Additionally, authorities should encourage investors to acquire and protect patents about environmental protection, and more specifically, innovation concerning renewable energy should be encouraged. In contrast, a green energy strategy should reduce non-renewable energy sources and substitute them with renewable energy (wind, solar, hydro, and nuclear power) in the overall energy mix. Finally, the government should reform and execute green growth policies and initiatives to achieve carbon neutrality targets.
The outcomes show that EPU promotes environmental deprivation by enhancing carbon dioxide emissions. Therefore, the authorities should consider the possible influence of EPU when making economic policies, especially environmentally friendly policies, because a decrease in EPU is preferred for environmental protection. It is advised that the government should promote clear and stable policies to encourage investment in clean energy sectors. It would help to reduce CO2 emissions and diminish environmental deterioration. Authorities should also take deliberate measures to mitigate policy-related economic uncertainty. Stable economic policies will boost stable growth and promote environmental quality.

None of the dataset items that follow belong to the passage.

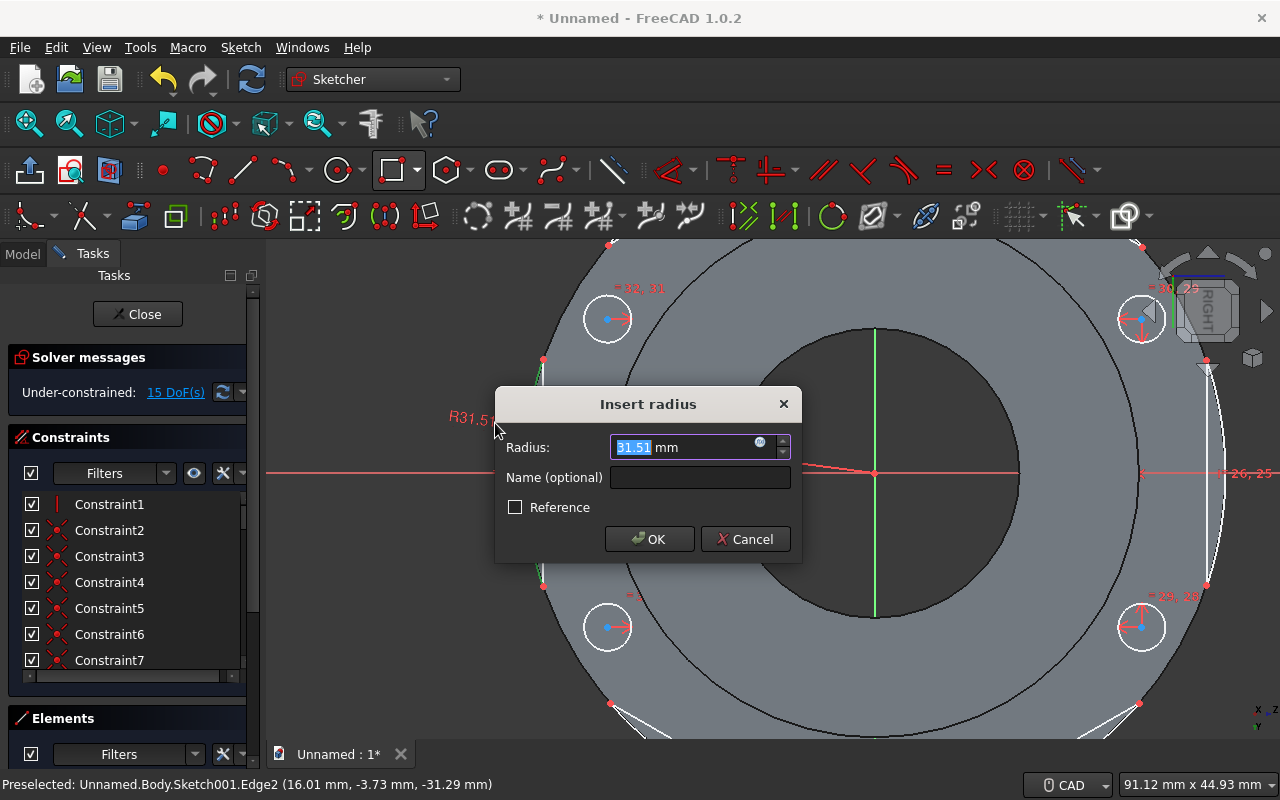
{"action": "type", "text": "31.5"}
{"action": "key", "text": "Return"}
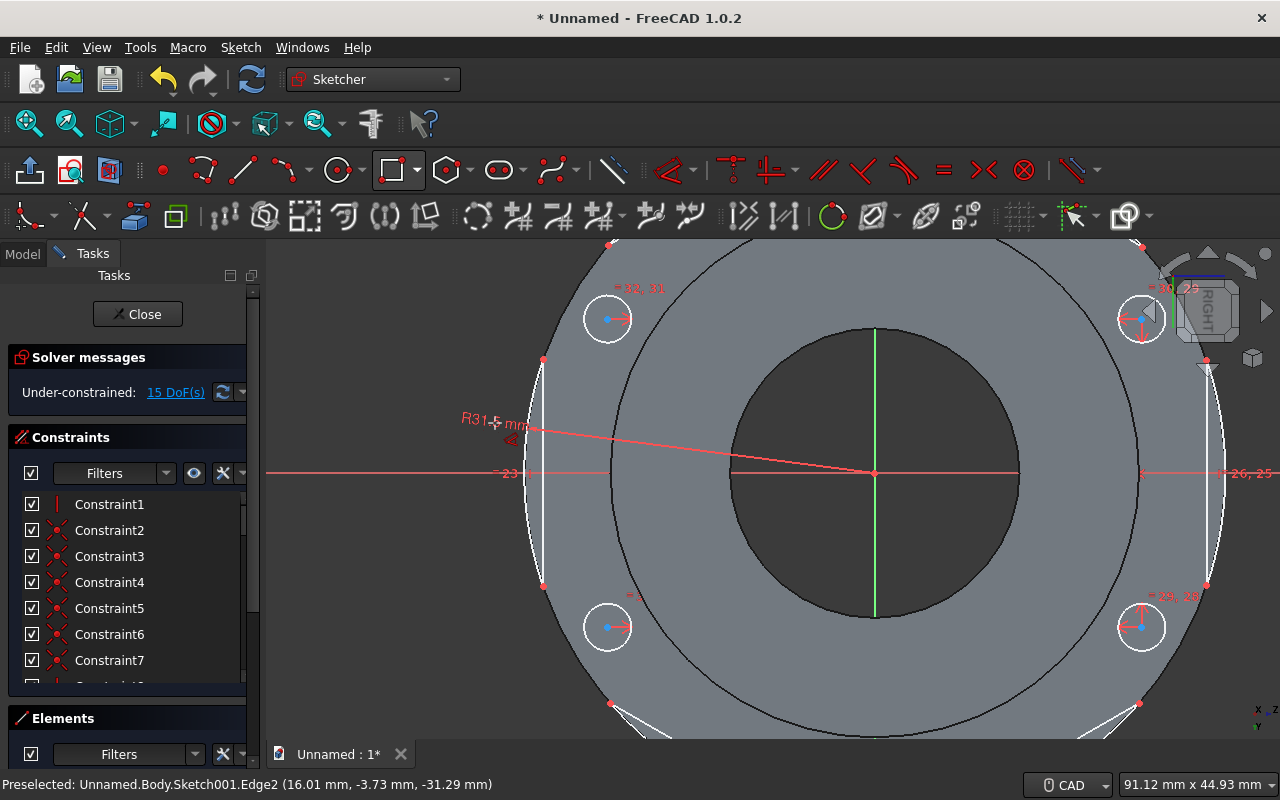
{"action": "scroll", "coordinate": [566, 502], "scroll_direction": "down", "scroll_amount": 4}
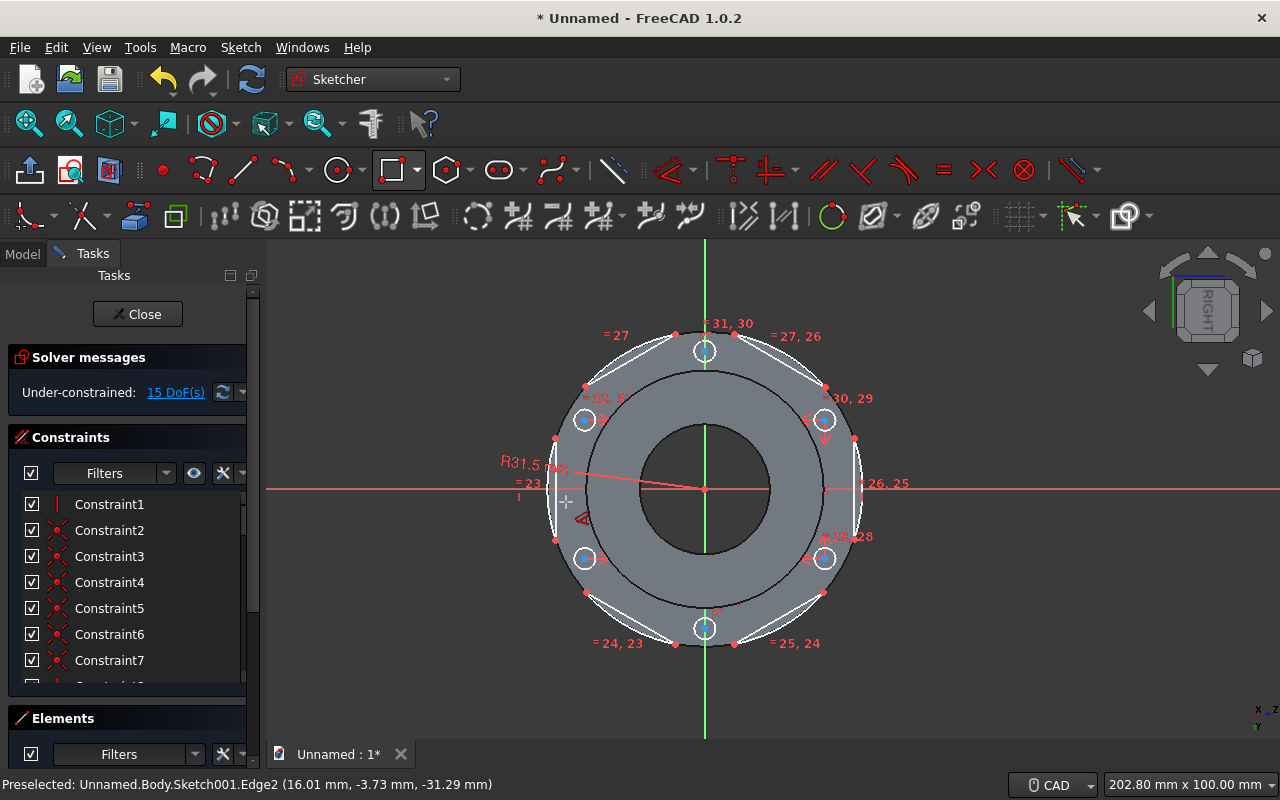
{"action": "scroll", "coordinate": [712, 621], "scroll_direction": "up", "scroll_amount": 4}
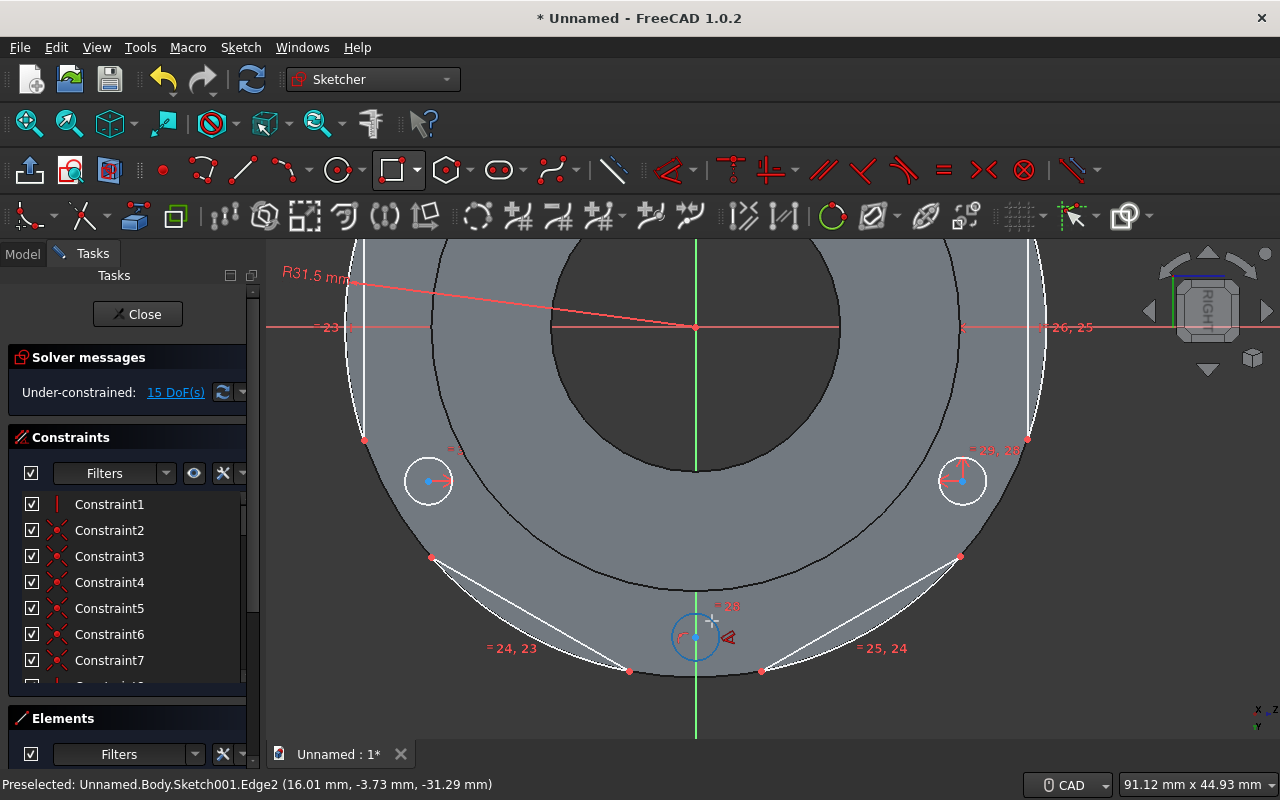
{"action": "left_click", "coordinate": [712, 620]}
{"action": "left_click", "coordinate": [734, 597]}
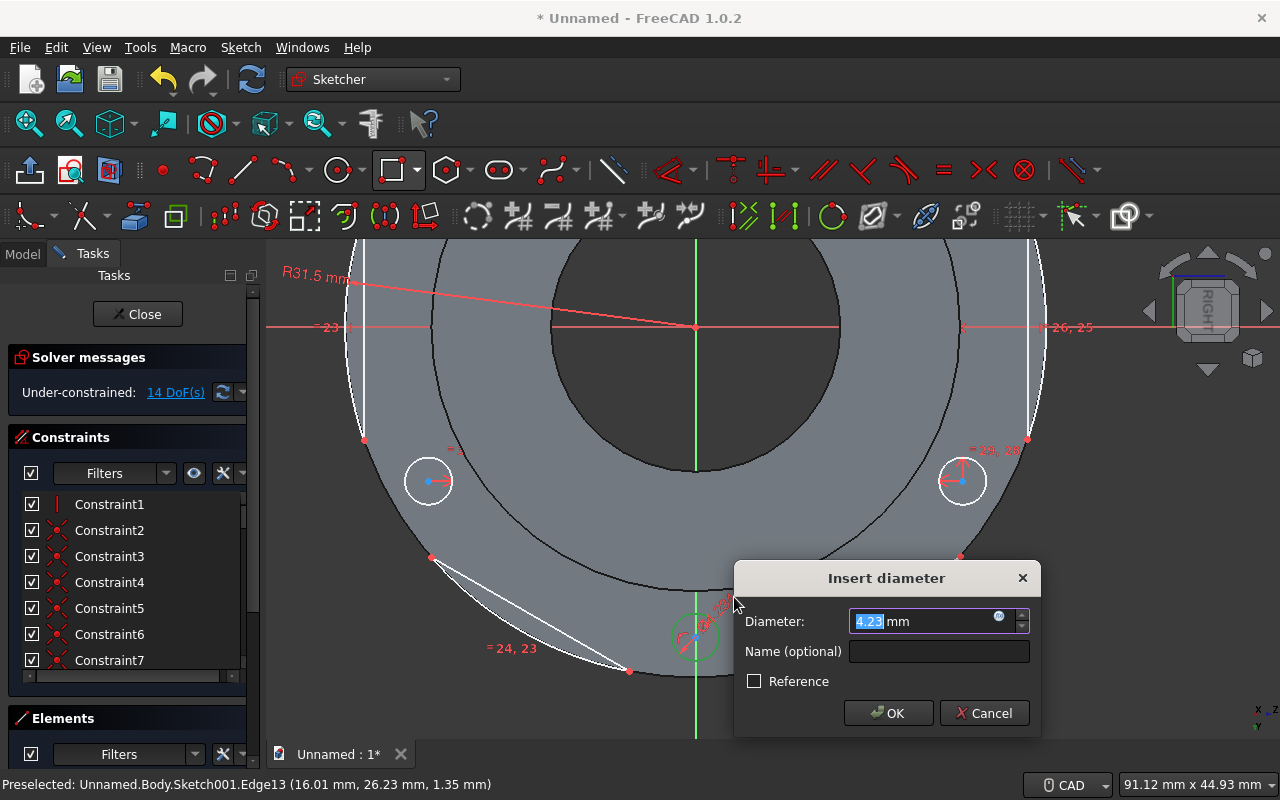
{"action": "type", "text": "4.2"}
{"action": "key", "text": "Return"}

Additionally, the findings support the claim that both positive and negative FDI shocks have a negative effect on Italy’s environmental quality. Therefore, it is recommended that the authorities adopt stringent environmental regulations and entry requirements for FDI rather than allowing it at the expense of ecological deterioration. Moreover, the government must adopt tools such as tax rebates, feed-in tariffs, subsidies, and incentives to encourage and motivate green investments in the country. This action will help to boost their productivity without harming the environment. Furthermore, governments should reward foreign companies that use green technologies in their manufacturing processes by lowering taxes and offering green subsidies. On the other side, it is suggested that high tariffs should be imposed on foreign companies in the host country that utilize cheap and dirty technologies in their production processes.